En el segundo número comienza la inserción de un largo artículo sobre Franklin, que continúa en el tercero, y que ampliará y retocará hasta hacerlo casi enjundioso y orgánico en el inicial de otra publicación, más seria: Los Primeros Albores, en que también trabajan juntos los dos amigos. Su portada, en efecto, luce así: «Los Primeros Albores. Periódico quincenal. Alumnos de la Escuela Elbio Fernández (Clase C). Director F. Herrera. Redactores J. Rodó y M. Beretta. Administrador F. Guglielmetti (hijo)»77.

La nueva hoja, que es impresa, nace el 18 de julio de 1883: el material del primer número ha debido ser compuesto, pues, necesariamente antes del 15 de ese mes, en que cumplió Rodó sus doce años. Es, pues, todavía labor de los once. Y, ésta, sí contiene valores de enorme importancia. El niño ha cuidado su trabajo como hasta ahora no lo ha hecho, porque empieza a sentir la responsabilidad de la letra de molde. El editorial, que firma La Redacción, y que, por si no bastaran para denunciarlo las ideas y el estilo, Beretta reconocía, además, ser de Rodó, es quizás el germen de Ariel: se habla ya en él, en efecto, del progreso moral e intelectual de la juventud, de llevarla por medio del estímulo, al amor al estudio y al trabajo; por medio del entusiasmo, a la senda del bien y de la educación. Y todo su sentido de progreso, de germinación, de adelanto insensible ¿no será, todavía, la célula infantil del reformarse es vivir de Motivos de Proteo? Oigámosle, en su pura e inocente gravedad.

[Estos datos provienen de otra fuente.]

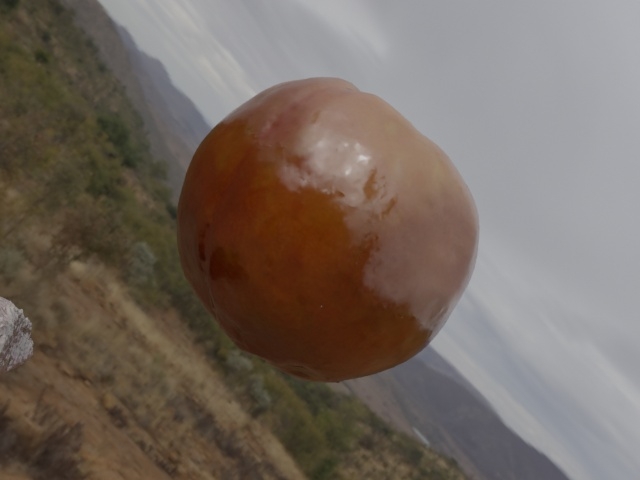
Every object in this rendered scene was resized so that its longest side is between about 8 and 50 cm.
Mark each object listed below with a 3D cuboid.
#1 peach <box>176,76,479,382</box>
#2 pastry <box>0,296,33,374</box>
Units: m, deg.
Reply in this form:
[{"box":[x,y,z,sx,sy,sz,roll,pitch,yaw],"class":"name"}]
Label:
[{"box":[0.000,0.000,0.884,0.343,0.301,0.343,42,-6,6],"class":"peach"},{"box":[-0.372,0.103,0.822,0.103,0.112,0.265,10,5,-10],"class":"pastry"}]

«Lo único que ambicionamos

Al publicar nuestro infantil periódico solo nos impulsa el deseo de cooperar, si es posible, con nuestros débiles esfuerzo sal desarrollo del progreso moral e intelectual de la juventud; haciendo germinar en ella por medio del estímulo, el amor al estudio y al trabajo; haciéndola adelantar insensiblemente por medio del entusiasmo, en la senda del bien y de la educación.

No se crea que al lanzarnos en la carrera del periodismo abrigamos ideas ambiciosas que harían recaer sobre nosotros la burla y el ridículo, nuestras aspiraciones son modestas, pues comprendemos la insuficiencia de nuestros conocimientos y de nuestra edad; pero esperamos que nuestros esfuerzos nos hagan dignos de ocupar un lugar, más ínfimo y modesto entre nuestros colegas infantiles.

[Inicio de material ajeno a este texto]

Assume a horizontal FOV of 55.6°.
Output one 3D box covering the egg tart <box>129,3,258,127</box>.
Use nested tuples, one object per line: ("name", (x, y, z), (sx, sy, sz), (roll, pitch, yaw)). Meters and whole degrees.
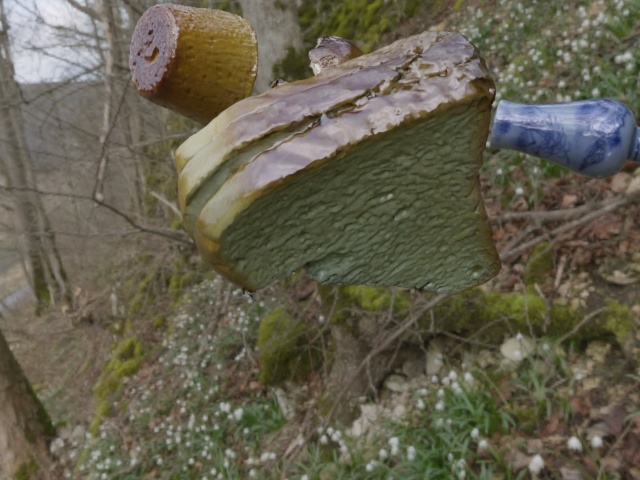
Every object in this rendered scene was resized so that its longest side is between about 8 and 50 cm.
("egg tart", (-0.214, -0.285, 0.987), (0.203, 0.202, 0.147), (-2, -1, 45))

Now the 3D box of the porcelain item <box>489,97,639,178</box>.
("porcelain item", (0.433, -0.183, 1.055), (0.259, 0.141, 0.141), (11, 13, 18))

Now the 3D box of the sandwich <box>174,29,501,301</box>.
("sandwich", (0.032, -0.023, 0.539), (0.254, 0.099, 0.288), (-26, -36, 3))

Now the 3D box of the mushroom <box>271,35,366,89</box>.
("mushroom", (0.034, -0.450, 1.727), (0.208, 0.233, 0.302), (-45, 15, -17))

Como somos niños todavía, esperamos que nuestros lectores tendrán indulgencia para con nosotros por los errores que podríamos cometer; pues si los sabios mismos se equivocan y muy frecuentemente, ¿como no equivocarnos nosotros que recien pisamos los umbrales de la ciencia?

No concluiremos sin enviar antes un atento saludo a nuestros amables colegas, esperando se dignen honrarnos con su aprecio, cumpliéndose así nuestros deseos».



Del artículo biográfico sobre Franklin se destacan ya, en el comienzo, estos párrafos, que dan, por el ritmo de la frase y la madurada comprensión, ordenación y jerarquización de las ideas, un anticipo inconfundible de la voz del futuro Maestro:

«Entre los hombres que más profundas huellas han dejado de su paso por este mundo se encuentra el célebre norteamericano Benjamín Franklin. Pocos hay que como él hayan reunido a la austeridad del ciudadano, el talento del publicista y la ciencia del sabio. Nació Franklin en la ciudad de Boston en el año 1706».



En el segundo número publica El centenario de Bolívar que transcribe Víctor Pérez Petit en su Rodó78. Es bueno reproducirlo aquí por salvar las erratas con que aparece allí, y que el niño se apresuró a denunciar en el número tercero, que no ha sido conocido hasta ahora:

«El 24 de julio de 1883 será un día glorioso en los anales de la historia americana, historia que consignará en sus pajinas el justo regocijo con que los pueblos, los pueblos del nuevo continente acudieron en ese día a celebrar en masa el centenario del prócer de su libertad el inmortal Bolívar.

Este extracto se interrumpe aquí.